Items from a dataset:
....................
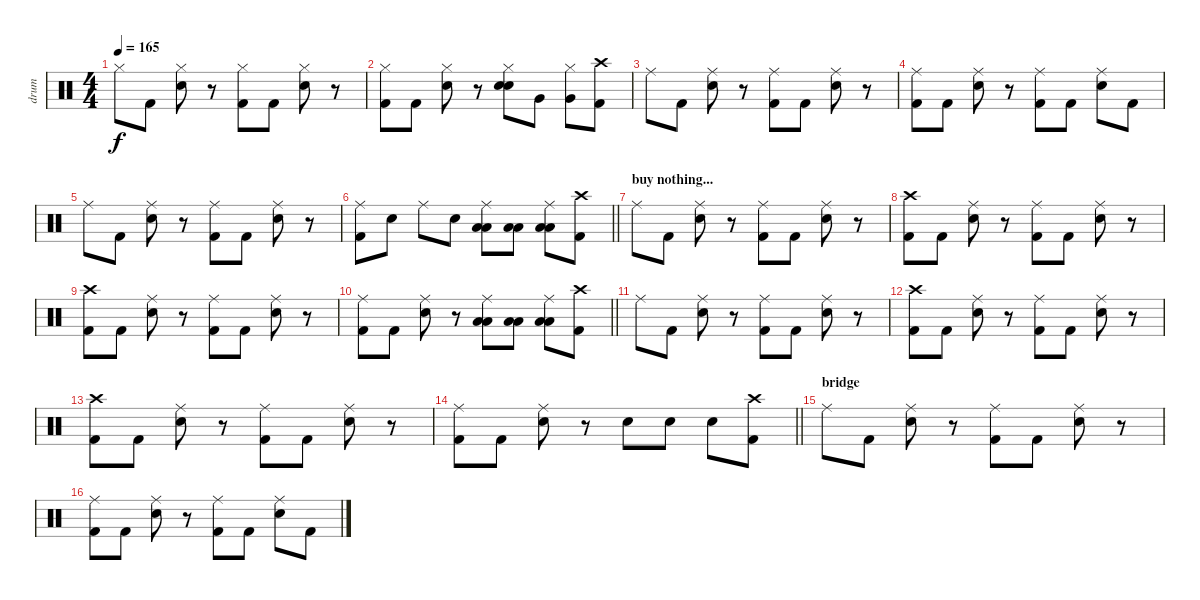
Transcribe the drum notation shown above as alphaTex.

\track ("drum" "drum") {instrument percussion}
\staff {score}
\articulation defaults
\ts (4 4)
\tempo 165
\clef neutral
\ks c "Hi-Hat (closed)".8{dy f} "Kick (hit) 2".8
("Hi-Hat (closed)" "Snare (hit) 2").8 r.8 ("Hi-Hat (closed)" "Kick (hit) 2").8 "Kick (hit) 2".8 ("Hi-Hat (closed)" "Snare (hit) 2").8 r.8 |
("Hi-Hat (closed)" "Kick (hit) 2").8 "Kick (hit) 2".8 ("Hi-Hat (closed)" "Snare (hit) 2").8 r.8 ("Hi-Hat (closed)" "Snare (hit) 2" "Snare (hit) 2").8 "Very Low Tom (hit)".8 ("Hi-Hat (closed)" "Very Low Tom (hit)").8 ("Crash high (hit)" "Kick (hit) 2").8 |
"Ride (middle)".8 "Kick (hit) 2".8 ("Ride (middle)" "Snare (hit) 2").8 r.8 ("Ride (middle)" "Kick (hit) 2").8 "Kick (hit) 2".8 ("Ride (middle)" "Snare (hit) 2").8 r.8 |
("Ride (middle)" "Kick (hit) 2").8 "Kick (hit) 2".8 ("Ride (middle)" "Snare (hit) 2").8 r.8 ("Ride (middle)" "Kick (hit) 2").8 "Kick (hit) 2".8 ("Ride (middle)" "Snare (hit) 2").8 "Kick (hit) 2".8 |
"Ride (middle)".8 "Kick (hit) 2".8 ("Ride (middle)" "Snare (hit) 2").8 r.8 ("Ride (middle)" "Kick (hit) 2").8 "Kick (hit) 2".8 ("Ride (middle)" "Snare (hit) 2").8 r.8 |
\barLineRight lightlight
("Ride (middle)" "Kick (hit) 2").8 "Snare (hit) 2".8 "Ride (middle)".8 "Snare (hit) 2".8 ("Ride (middle)" "Low Tom (hit)" "Low Floor Tom (hit)").8 ("Low Tom (hit)" "Low Floor Tom (hit)").8 ("Ride (middle)" "Low Tom (hit)" "Low Floor Tom (hit)").8 ("Crash high (hit)" "Kick (hit) 2").8 |
\section ("" "buy nothing...")
"Ride (middle)".8 "Kick (hit) 2".8 ("Ride (middle)" "Snare (hit) 2").8 r.8 ("Ride (middle)" "Kick (hit) 2").8 "Kick (hit) 2".8 ("Ride (middle)" "Snare (hit) 2").8 r.8 |
("Crash high (hit)" "Kick (hit) 2").8 "Kick (hit) 2".8 ("Ride (middle)" "Snare (hit) 2").8 r.8 ("Ride (middle)" "Kick (hit) 2").8 "Kick (hit) 2".8 ("Ride (middle)" "Snare (hit) 2").8 r.8 |
("Crash high (hit)" "Kick (hit) 2").8 "Kick (hit) 2".8 ("Ride (middle)" "Snare (hit) 2").8 r.8 ("Ride (middle)" "Kick (hit) 2").8 "Kick (hit) 2".8 ("Ride (middle)" "Snare (hit) 2").8 r.8 |
\barLineRight lightlight
("Ride (middle)" "Kick (hit) 2").8 "Kick (hit) 2".8 ("Ride (middle)" "Snare (hit) 2").8 r.8 ("Ride (middle)" "Low Tom (hit)" "Low Floor Tom (hit)").8 ("Low Tom (hit)" "Low Floor Tom (hit)").8 ("Ride (middle)" "Low Tom (hit)" "Low Floor Tom (hit)").8 ("Crash high (hit)" "Kick (hit) 2").8 |
"Ride (middle)".8 "Kick (hit) 2".8 ("Ride (middle)" "Snare (hit) 2").8 r.8 ("Ride (middle)" "Kick (hit) 2").8 "Kick (hit) 2".8 ("Ride (middle)" "Snare (hit) 2").8 r.8 |
("Crash high (hit)" "Kick (hit) 2").8 "Kick (hit) 2".8 ("Ride (middle)" "Snare (hit) 2").8 r.8 ("Ride (middle)" "Kick (hit) 2").8 "Kick (hit) 2".8 ("Ride (middle)" "Snare (hit) 2").8 r.8 |
("Crash high (hit)" "Kick (hit) 2").8 "Kick (hit) 2".8 ("Ride (middle)" "Snare (hit) 2").8 r.8 ("Ride (middle)" "Kick (hit) 2").8 "Kick (hit) 2".8 ("Ride (middle)" "Snare (hit) 2").8 r.8 |
\barLineRight lightlight
("Ride (middle)" "Kick (hit) 2").8 "Kick (hit) 2".8 ("Ride (middle)" "Snare (hit) 2").8 r.8 "Snare (hit) 2".8 "Snare (hit) 2".8 "Snare (hit) 2".8 ("Crash high (hit)" "Kick (hit) 2").8 |
\section ("" "bridge")
"Ride (middle)".8 "Kick (hit) 2".8 ("Ride (middle)" "Snare (hit) 2").8 r.8 ("Ride (middle)" "Kick (hit) 2").8 "Kick (hit) 2".8 ("Ride (middle)" "Snare (hit) 2").8 r.8 |
("Ride (middle)" "Kick (hit) 2").8 "Kick (hit) 2".8 ("Ride (middle)" "Snare (hit) 2").8 r.8 ("Ride (middle)" "Kick (hit) 2").8 "Kick (hit) 2".8 ("Ride (middle)" "Snare (hit) 2").8 "Kick (hit) 2".8
....................
■ What this task involves
Transcribe the data verbatim. No picture belongs in the result.

■ Reply to the task
Transcribe the drum notation shown above as alphaTex.

\track ("drum" "drum") {instrument percussion}
\staff {score}
\articulation defaults
\ts (4 4)
\tempo 165
\clef neutral
\ks c "Hi-Hat (closed)".8{dy f} "Kick (hit) 2".8
("Hi-Hat (closed)" "Snare (hit) 2").8 r.8 ("Hi-Hat (closed)" "Kick (hit) 2").8 "Kick (hit) 2".8 ("Hi-Hat (closed)" "Snare (hit) 2").8 r.8 |
("Hi-Hat (closed)" "Kick (hit) 2").8 "Kick (hit) 2".8 ("Hi-Hat (closed)" "Snare (hit) 2").8 r.8 ("Hi-Hat (closed)" "Snare (hit) 2" "Snare (hit) 2").8 "Very Low Tom (hit)".8 ("Hi-Hat (closed)" "Very Low Tom (hit)").8 ("Crash high (hit)" "Kick (hit) 2").8 |
"Ride (middle)".8 "Kick (hit) 2".8 ("Ride (middle)" "Snare (hit) 2").8 r.8 ("Ride (middle)" "Kick (hit) 2").8 "Kick (hit) 2".8 ("Ride (middle)" "Snare (hit) 2").8 r.8 |
("Ride (middle)" "Kick (hit) 2").8 "Kick (hit) 2".8 ("Ride (middle)" "Snare (hit) 2").8 r.8 ("Ride (middle)" "Kick (hit) 2").8 "Kick (hit) 2".8 ("Ride (middle)" "Snare (hit) 2").8 "Kick (hit) 2".8 |
"Ride (middle)".8 "Kick (hit) 2".8 ("Ride (middle)" "Snare (hit) 2").8 r.8 ("Ride (middle)" "Kick (hit) 2").8 "Kick (hit) 2".8 ("Ride (middle)" "Snare (hit) 2").8 r.8 |
\barLineRight lightlight
("Ride (middle)" "Kick (hit) 2").8 "Snare (hit) 2".8 "Ride (middle)".8 "Snare (hit) 2".8 ("Ride (middle)" "Low Tom (hit)" "Low Floor Tom (hit)").8 ("Low Tom (hit)" "Low Floor Tom (hit)").8 ("Ride (middle)" "Low Tom (hit)" "Low Floor Tom (hit)").8 ("Crash high (hit)" "Kick (hit) 2").8 |
\section ("" "buy nothing...")
"Ride (middle)".8 "Kick (hit) 2".8 ("Ride (middle)" "Snare (hit) 2").8 r.8 ("Ride (middle)" "Kick (hit) 2").8 "Kick (hit) 2".8 ("Ride (middle)" "Snare (hit) 2").8 r.8 |
("Crash high (hit)" "Kick (hit) 2").8 "Kick (hit) 2".8 ("Ride (middle)" "Snare (hit) 2").8 r.8 ("Ride (middle)" "Kick (hit) 2").8 "Kick (hit) 2".8 ("Ride (middle)" "Snare (hit) 2").8 r.8 |
("Crash high (hit)" "Kick (hit) 2").8 "Kick (hit) 2".8 ("Ride (middle)" "Snare (hit) 2").8 r.8 ("Ride (middle)" "Kick (hit) 2").8 "Kick (hit) 2".8 ("Ride (middle)" "Snare (hit) 2").8 r.8 |
\barLineRight lightlight
("Ride (middle)" "Kick (hit) 2").8 "Kick (hit) 2".8 ("Ride (middle)" "Snare (hit) 2").8 r.8 ("Ride (middle)" "Low Tom (hit)" "Low Floor Tom (hit)").8 ("Low Tom (hit)" "Low Floor Tom (hit)").8 ("Ride (middle)" "Low Tom (hit)" "Low Floor Tom (hit)").8 ("Crash high (hit)" "Kick (hit) 2").8 |
"Ride (middle)".8 "Kick (hit) 2".8 ("Ride (middle)" "Snare (hit) 2").8 r.8 ("Ride (middle)" "Kick (hit) 2").8 "Kick (hit) 2".8 ("Ride (middle)" "Snare (hit) 2").8 r.8 |
("Crash high (hit)" "Kick (hit) 2").8 "Kick (hit) 2".8 ("Ride (middle)" "Snare (hit) 2").8 r.8 ("Ride (middle)" "Kick (hit) 2").8 "Kick (hit) 2".8 ("Ride (middle)" "Snare (hit) 2").8 r.8 |
("Crash high (hit)" "Kick (hit) 2").8 "Kick (hit) 2".8 ("Ride (middle)" "Snare (hit) 2").8 r.8 ("Ride (middle)" "Kick (hit) 2").8 "Kick (hit) 2".8 ("Ride (middle)" "Snare (hit) 2").8 r.8 |
\barLineRight lightlight
("Ride (middle)" "Kick (hit) 2").8 "Kick (hit) 2".8 ("Ride (middle)" "Snare (hit) 2").8 r.8 "Snare (hit) 2".8 "Snare (hit) 2".8 "Snare (hit) 2".8 ("Crash high (hit)" "Kick (hit) 2").8 |
\section ("" "bridge")
"Ride (middle)".8 "Kick (hit) 2".8 ("Ride (middle)" "Snare (hit) 2").8 r.8 ("Ride (middle)" "Kick (hit) 2").8 "Kick (hit) 2".8 ("Ride (middle)" "Snare (hit) 2").8 r.8 |
("Ride (middle)" "Kick (hit) 2").8 "Kick (hit) 2".8 ("Ride (middle)" "Snare (hit) 2").8 r.8 ("Ride (middle)" "Kick (hit) 2").8 "Kick (hit) 2".8 ("Ride (middle)" "Snare (hit) 2").8 "Kick (hit) 2".8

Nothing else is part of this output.